Already since 2014, the care for elderly has been a huge challenge for us in Transcarpathia. We set up a home care service for the elderly, and we are now taking care of people in several municipalities. This work will increase significantly. I have just visited a disabled and deprived person in the village and brought him a food parcel and money as support. The disadvantaged, the elderly, who did valuable work during the time of communism, now receive a pension of less than 100 Euros a month, and they are staying with us.
I have no idea right now how I will be able to build the team and assure the staff who will be visiting them. We don't know what the future will bring, and we have a lot to do. We understand young people of all nationalities who have fled the war. I would very much like to see this turn around and young people return home. But I am aware that in a peaceful and safe country, where no one has to suffer because of their nationality, life is easier than in Transcarpathia.

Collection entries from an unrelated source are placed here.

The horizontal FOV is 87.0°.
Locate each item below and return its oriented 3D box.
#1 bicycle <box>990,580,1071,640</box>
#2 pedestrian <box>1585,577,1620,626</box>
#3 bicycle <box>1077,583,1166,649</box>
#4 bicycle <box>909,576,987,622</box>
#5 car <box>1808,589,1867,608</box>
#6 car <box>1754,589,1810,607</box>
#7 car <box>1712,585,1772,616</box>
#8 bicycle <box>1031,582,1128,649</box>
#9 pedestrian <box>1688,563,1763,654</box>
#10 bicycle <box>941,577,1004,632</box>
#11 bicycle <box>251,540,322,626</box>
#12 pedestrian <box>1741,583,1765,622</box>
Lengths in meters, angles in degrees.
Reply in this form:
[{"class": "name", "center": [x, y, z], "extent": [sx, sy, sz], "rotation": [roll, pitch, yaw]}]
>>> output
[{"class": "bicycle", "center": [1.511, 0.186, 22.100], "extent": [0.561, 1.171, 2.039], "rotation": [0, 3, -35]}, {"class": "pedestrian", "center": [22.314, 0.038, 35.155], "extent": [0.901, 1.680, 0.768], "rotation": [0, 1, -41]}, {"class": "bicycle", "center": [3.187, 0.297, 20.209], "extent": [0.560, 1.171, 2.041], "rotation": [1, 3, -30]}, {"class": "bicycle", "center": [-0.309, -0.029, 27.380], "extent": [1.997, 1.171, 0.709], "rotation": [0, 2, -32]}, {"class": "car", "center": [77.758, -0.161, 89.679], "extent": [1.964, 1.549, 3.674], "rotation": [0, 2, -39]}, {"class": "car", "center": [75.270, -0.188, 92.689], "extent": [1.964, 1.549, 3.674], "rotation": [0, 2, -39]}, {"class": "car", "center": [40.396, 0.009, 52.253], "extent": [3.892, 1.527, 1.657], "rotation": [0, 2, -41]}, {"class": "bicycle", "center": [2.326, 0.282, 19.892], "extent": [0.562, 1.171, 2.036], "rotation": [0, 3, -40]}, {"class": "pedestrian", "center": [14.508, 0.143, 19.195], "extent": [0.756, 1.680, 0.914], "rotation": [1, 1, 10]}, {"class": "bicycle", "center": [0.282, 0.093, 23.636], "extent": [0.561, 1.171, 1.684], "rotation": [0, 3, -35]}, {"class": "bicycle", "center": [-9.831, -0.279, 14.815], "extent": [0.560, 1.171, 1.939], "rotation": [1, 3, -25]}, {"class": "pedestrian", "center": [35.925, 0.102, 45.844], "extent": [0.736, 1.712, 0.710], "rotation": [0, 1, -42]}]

Please tell us, how your Church has developed!
When the Soviet Union collapsed, we had twenty or thirty pastors, but from 1996-1997 the number increased to eighty. A new generation came into the ministry, who studied in Hungary; in Debrecen, Sárospatak and Budapest. Now we are slightly fewer, seventy-one. In recent days, no senior pastor has left his or her congregation.

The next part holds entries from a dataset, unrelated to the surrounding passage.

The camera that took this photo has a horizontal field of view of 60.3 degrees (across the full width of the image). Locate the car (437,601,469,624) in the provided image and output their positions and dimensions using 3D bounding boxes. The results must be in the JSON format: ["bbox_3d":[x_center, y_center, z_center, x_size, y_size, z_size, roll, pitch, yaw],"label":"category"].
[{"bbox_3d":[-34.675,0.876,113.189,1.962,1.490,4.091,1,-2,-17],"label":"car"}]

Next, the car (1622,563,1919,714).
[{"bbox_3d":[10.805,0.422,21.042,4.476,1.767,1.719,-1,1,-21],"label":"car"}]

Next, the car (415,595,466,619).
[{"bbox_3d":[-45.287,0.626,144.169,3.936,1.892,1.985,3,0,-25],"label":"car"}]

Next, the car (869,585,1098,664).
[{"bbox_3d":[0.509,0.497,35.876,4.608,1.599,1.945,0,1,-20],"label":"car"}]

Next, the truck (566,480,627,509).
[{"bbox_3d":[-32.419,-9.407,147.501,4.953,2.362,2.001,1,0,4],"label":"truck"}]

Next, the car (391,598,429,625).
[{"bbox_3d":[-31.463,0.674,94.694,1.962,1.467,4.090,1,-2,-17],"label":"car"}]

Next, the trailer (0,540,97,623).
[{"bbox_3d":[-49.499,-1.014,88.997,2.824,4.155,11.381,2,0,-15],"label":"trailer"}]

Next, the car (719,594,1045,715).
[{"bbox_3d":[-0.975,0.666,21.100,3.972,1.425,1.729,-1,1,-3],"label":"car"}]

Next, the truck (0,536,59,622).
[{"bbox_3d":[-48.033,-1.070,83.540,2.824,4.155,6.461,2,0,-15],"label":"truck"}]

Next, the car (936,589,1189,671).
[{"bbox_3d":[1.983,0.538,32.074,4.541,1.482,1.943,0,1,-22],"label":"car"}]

I thank them for their faithfulness in organising and carrying out the work among the refugees, in keeping together, encouraging and caring for those who have been left behind, and in preaching the Gospel.
In the Gospel of Luke we read these topical verses, " When you hear of wars and uprisings, do not be frightened.... Nation will rise against nation, and kingdom against kingdom... And so you will bear testimony to me." (Luke 21:9-10.13) As a spiritual leader of the reformed community, how can you bear witness?

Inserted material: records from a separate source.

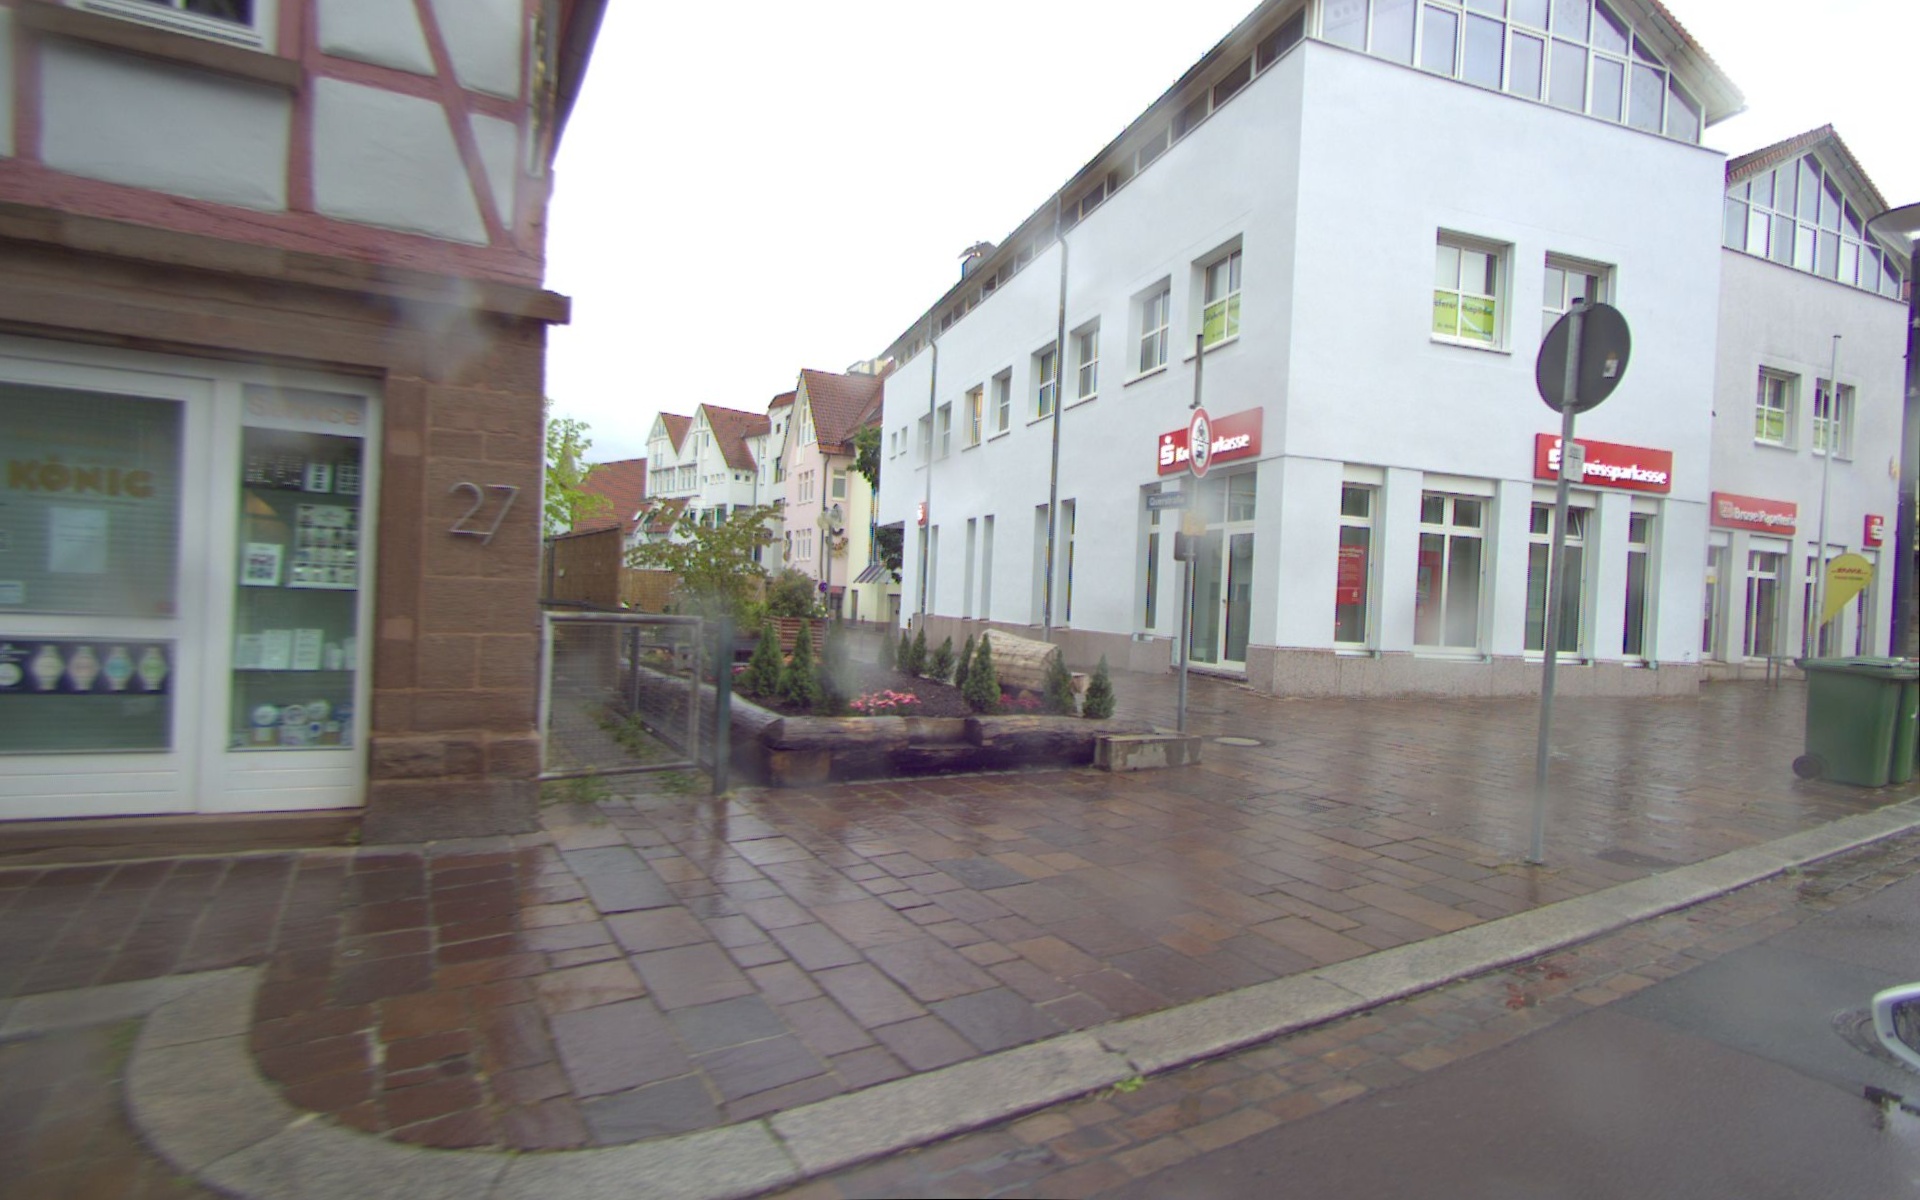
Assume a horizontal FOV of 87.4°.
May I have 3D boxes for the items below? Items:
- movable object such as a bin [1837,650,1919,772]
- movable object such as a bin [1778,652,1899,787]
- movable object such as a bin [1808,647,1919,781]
[{"bbox_3d":[9.085,1.061,9.789,0.607,1.110,0.654,2,0,-34],"label":"movable object such as a bin"},{"bbox_3d":[7.742,1.029,8.859,0.546,1.097,0.655,2,0,-32],"label":"movable object such as a bin"},{"bbox_3d":[8.246,1.009,9.145,0.546,1.129,0.655,2,0,-32],"label":"movable object such as a bin"}]

The Transcarpathian Reformed Church tries to be biblical and Gospel centred in all its activities; in receiving refugees, includes those with whom we do not fully agree; who put their own nation above other nations. But this is not the point in these days. If someone is on the street, they need shelter, if someone is hungry, they need food. This is a form of witness and mercy.
The other ministry is to preach the Gospel both to Hungarians and to Ukrainians who found refuge here, because God has entrusted us the ministry of reconciliation. In the jubilee year of the reformation, the Hungarian and Ukrainian Bible Societies joined forces and published a Hungarian-Ukrainian New Testament, which we can now use when we preach the Gospel. God is asking us to settle our relationship with Him, because reconciliation with God in Jesus Christ leads to reconciliation with the people. That is attitude we try to persevere. Church members are helping at the border crossings, bringing hot tea and sandwiches. These are signs of love.
But we have also been entrusted the proclamation of the Word of God, and we want to openly witness that motivation of what we do and who we are is faith in Jesus Christ our Saviour. Preaching the Gospel is the most important thing now, not only to heal wounds, not only to ease the pain of mourning, but also to stop blind anger, which unfortunately is so much present here. Many people come to Transcarpathia, some go on, but thousands more stay here. I hope that in this situation people are more open to the God’s Word. Without God, diplomacy also fails. We see that it has ended up in war. Without God, this world is not only godless, but it is becoming inhuman, bringing death and damnation. The verses quoted from Luke's Gospel must be taken very seriously and we must not wasting time but turn to God, repent, pray and open our hearts to Jesus. Still today!
Sándor Fábián Zán was elected Bishop of the Reformed Church in Transcarpathia in 2007, as the youngest church leader in Europe, having previously served as a deputy to the Bishop. He is the senior pastor of the Reformed congregation in Mezővári and the father of four children.